# Dataframe Manipulation Warmup

In [1]:
import numpy as np
import pandas as pd

np.random.seed(406)

n = 5000
df = pd.DataFrame({
    'favorite_animal': np.random.choice(['cat', 'dog', 'frog', 'lemur', 'panda'], n),
    'favorite_vegetable': np.random.choice(['brussel sprouts', 'potato', 'squash'], n),
    'favorite_fruit': np.random.choice(['banana', 'apple', 'blueberries'], n),
    'wears_glasses': np.random.choice(['yes', 'no'], n),
    'netflix_consumption': np.random.normal(10, 2, n),
    'open_browser_tabs': np.random.randint(2, 90, n),
})

- What is the highest amount of netflix consumption? `17.535`
- How many people wear glasses? What percentage of people is this? `2555`, `.511`
- How many people's favorite animal is a dog? `1002`
- What is the most common favorite animal? `lemur`
- What is the average netflix consumption for people that prefer brussel
  sprouts? `10.008`
- What is the most common favorite fruit for people who wear glasses and have
  more than 40 open browser tabs? `blueberries`
- What percentage of people have a netflix consumption lower than 7? `.0716`
- What is the average netflix consumption for people with less than 30 open
  browser tabs? `9.91935`
- How many people *don't* wear glasses, have a favorite animal of a panda, have
  a favorite fruit of blueberries, and have more than 60 open browser tabs? What
  is the median netflix consumption for this group? What is the most common
  favorite vegetable for this group? `46`, `10.455`, `potato`
- What is the least popular combination of favorite fruit and vegetable? `apple` and `potato`
- Which combination of favorite animal and wearing glasses has the highest average
  netflix consumption? people that wear glasses and prefer pandas
- **Bonus**: for each of the above questions, what kind of visualization would
  be the most effective in conveying your answer?

In [3]:
# What is the highest amount of netflix consumption? 17.535
df.netflix_consumption.max()

17.534818515438925

In [17]:
# How many people wear glasses? What percentage of people is this? 2555, .511
print((df.wears_glasses == "yes").sum())
print((df.wears_glasses == "yes").sum() / df.shape[0])

2555
0.511


In [18]:
# How many people's favorite animal is a dog? 1002
(df.favorite_animal == "dog").sum()

1002

In [27]:
# What is the most common favorite animal? lemur
df.favorite_animal.value_counts().head(1)

lemur    1028
Name: favorite_animal, dtype: int64

In [43]:
# What is the average netflix consumption for people that prefer brussel sprouts? 10.008
df.groupby("favorite_vegetable").netflix_consumption.mean().head(1)

favorite_vegetable
brussel sprouts    10.008472
Name: netflix_consumption, dtype: float64

In [105]:
# What is the most common favorite fruit for people who wear glasses and have more than 40 open browser tabs? blueberries
glasses_wearers = df[df.wears_glasses == "yes"]
internet_fiends = glasses_wearers[glasses_wearers.open_browser_tabs > 40]
internet_fiends.favorite_fruit.value_counts().nlargest(1)

blueberries    498
Name: favorite_fruit, dtype: int64

In [83]:
# What percentage of people have a netflix consumption lower than 7? .0716
df[df.netflix_consumption < 7].count() / df.shape[0]

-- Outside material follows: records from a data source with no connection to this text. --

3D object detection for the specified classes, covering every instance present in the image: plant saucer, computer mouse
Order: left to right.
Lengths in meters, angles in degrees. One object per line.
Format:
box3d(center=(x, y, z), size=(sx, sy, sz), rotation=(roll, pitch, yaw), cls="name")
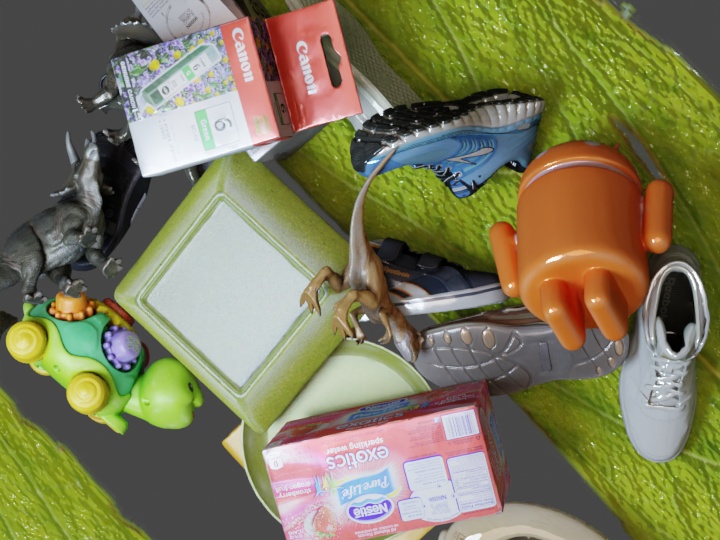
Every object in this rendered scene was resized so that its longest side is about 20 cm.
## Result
box3d(center=(-0.213, -0.084, 1.452), size=(0.140, 0.046, 0.201), rotation=(18, 87, 14), cls="computer mouse")
box3d(center=(-0.111, 0.020, 1.369), size=(0.200, 0.048, 0.200), rotation=(42, 106, 7), cls="plant saucer")
box3d(center=(-0.014, 0.160, 1.409), size=(0.198, 0.031, 0.202), rotation=(1, 96, 12), cls="plant saucer")

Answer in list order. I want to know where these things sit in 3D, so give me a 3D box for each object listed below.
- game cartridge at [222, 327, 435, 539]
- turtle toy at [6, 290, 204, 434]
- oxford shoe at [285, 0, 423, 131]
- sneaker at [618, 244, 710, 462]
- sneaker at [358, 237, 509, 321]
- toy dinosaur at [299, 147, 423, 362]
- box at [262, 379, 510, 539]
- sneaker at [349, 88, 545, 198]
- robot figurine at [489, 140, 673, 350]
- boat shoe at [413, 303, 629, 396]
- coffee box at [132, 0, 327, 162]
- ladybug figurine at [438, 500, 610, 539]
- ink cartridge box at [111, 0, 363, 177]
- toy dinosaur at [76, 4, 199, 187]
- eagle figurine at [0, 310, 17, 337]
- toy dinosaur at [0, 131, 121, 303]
box3d(center=(-0.007, 0.182, 1.439), size=(0.176, 0.032, 0.200), rotation=(-44, 85, 13), cls="game cartridge")
box3d(center=(-0.244, 0.090, 1.437), size=(0.200, 0.146, 0.101), rotation=(39, 81, 5), cls="turtle toy")
box3d(center=(-0.010, -0.183, 1.388), size=(0.200, 0.075, 0.058), rotation=(51, 128, 4), cls="oxford shoe")
box3d(center=(0.269, 0.083, 1.328), size=(0.073, 0.116, 0.202), rotation=(3, 97, 10), cls="sneaker")
box3d(center=(0.037, 0.006, 1.389), size=(0.198, 0.078, 0.080), rotation=(-6, 88, 8), cls="sneaker")
box3d(center=(0.000, 0.000, 1.305), size=(0.060, 0.106, 0.201), rotation=(18, 136, 42), cls="toy dinosaur")
box3d(center=(0.026, 0.175, 1.336), size=(0.199, 0.095, 0.103), rotation=(-14, 97, 13), cls="box")
box3d(center=(0.083, -0.103, 1.331), size=(0.199, 0.078, 0.091), rotation=(-12, 111, -28), cls="sneaker")
box3d(center=(0.192, -0.030, 1.309), size=(0.116, 0.201, 0.144), rotation=(19, 141, -18), cls="robot figurine")
box3d(center=(0.146, 0.067, 1.376), size=(0.198, 0.072, 0.076), rotation=(-2, 112, 8), cls="boat shoe")
box3d(center=(-0.115, -0.203, 1.383), size=(0.080, 0.113, 0.200), rotation=(-38, 88, 13), cls="coffee box")
box3d(center=(0.167, 0.282, 1.390), size=(0.199, 0.072, 0.137), rotation=(25, 100, 8), cls="ladybug figurine")
box3d(center=(-0.108, -0.160, 1.301), size=(0.199, 0.050, 0.110), rotation=(-14, 93, 16), cls="ink cartridge box")
box3d(center=(-0.196, -0.160, 1.395), size=(0.102, 0.077, 0.200), rotation=(-39, 73, 11), cls="toy dinosaur")
box3d(center=(-0.439, 0.023, 1.464), size=(0.199, 0.151, 0.152), rotation=(22, 137, -4), cls="eagle figurine")
box3d(center=(-0.286, -0.023, 1.391), size=(0.200, 0.077, 0.102), rotation=(-46, 47, 5), cls="toy dinosaur")

favorite_animal        0.0716
favorite_vegetable     0.0716
favorite_fruit         0.0716
wears_glasses          0.0716
netflix_consumption    0.0716
open_browser_tabs      0.0716
dtype: float64

In [85]:
# What is the average netflix consumption for people with less than 30 open browser tabs? 9.91935
internet_noobs = df[df.open_browser_tabs < 30]
internet_noobs.netflix_consumption.mean()

9.91935736918227

In [111]:
# How many people don't wear glasses,
# have a favorite animal of a panda,
# have a favorite fruit of blueberries,
# and have more than 60 open browser tabs? 46
# What is the median netflix consumption for this group? 10.455
# What is the most common favorite vegetable for this group? potato
good_eyes = df[df.wears_glasses == "no"]
panda_lovers = good_eyes[good_eyes.favorite_animal == "panda"]
berry_people = panda_lovers[panda_lovers.favorite_fruit == "blueberries"]
esoteric_mofos = berry_people[berry_people.open_browser_tabs > 60]
print(esoteric_mofos.shape[0])
print(esoteric_mofos.netflix_consumption.median())
print(esoteric_mofos.favorite_vegetable.value_counts().nlargest(1))

46
10.45479760071613
potato    19
Name: favorite_vegetable, dtype: int64


In [140]:
# What is the least popular combination of favorite fruit and vegetable? apple and potato
pd.crosstab(index=df.favorite_vegetable, columns=df.favorite_fruit)

favorite_fruit,apple,banana,blueberries
favorite_vegetable,Unnamed: 1_level_1,Unnamed: 2_level_1,Unnamed: 3_level_1
brussel sprouts,565,576,555
potato,512,570,560
squash,555,524,583


In [147]:
# Which combination of favorite animal and wearing glasses has the
# highest average netflix consumption? people that wear glasses and
# prefer pandas
pd.crosstab(index=df.favorite_animal, columns=df.wears_glasses, values=df.netflix_consumption, aggfunc="mean")

wears_glasses,no,yes
favorite_animal,Unnamed: 1_level_1,Unnamed: 2_level_1
cat,9.846183,9.884685
dog,9.933246,10.087352
frog,9.962311,9.83474
lemur,10.024557,10.010196
panda,9.946293,10.092273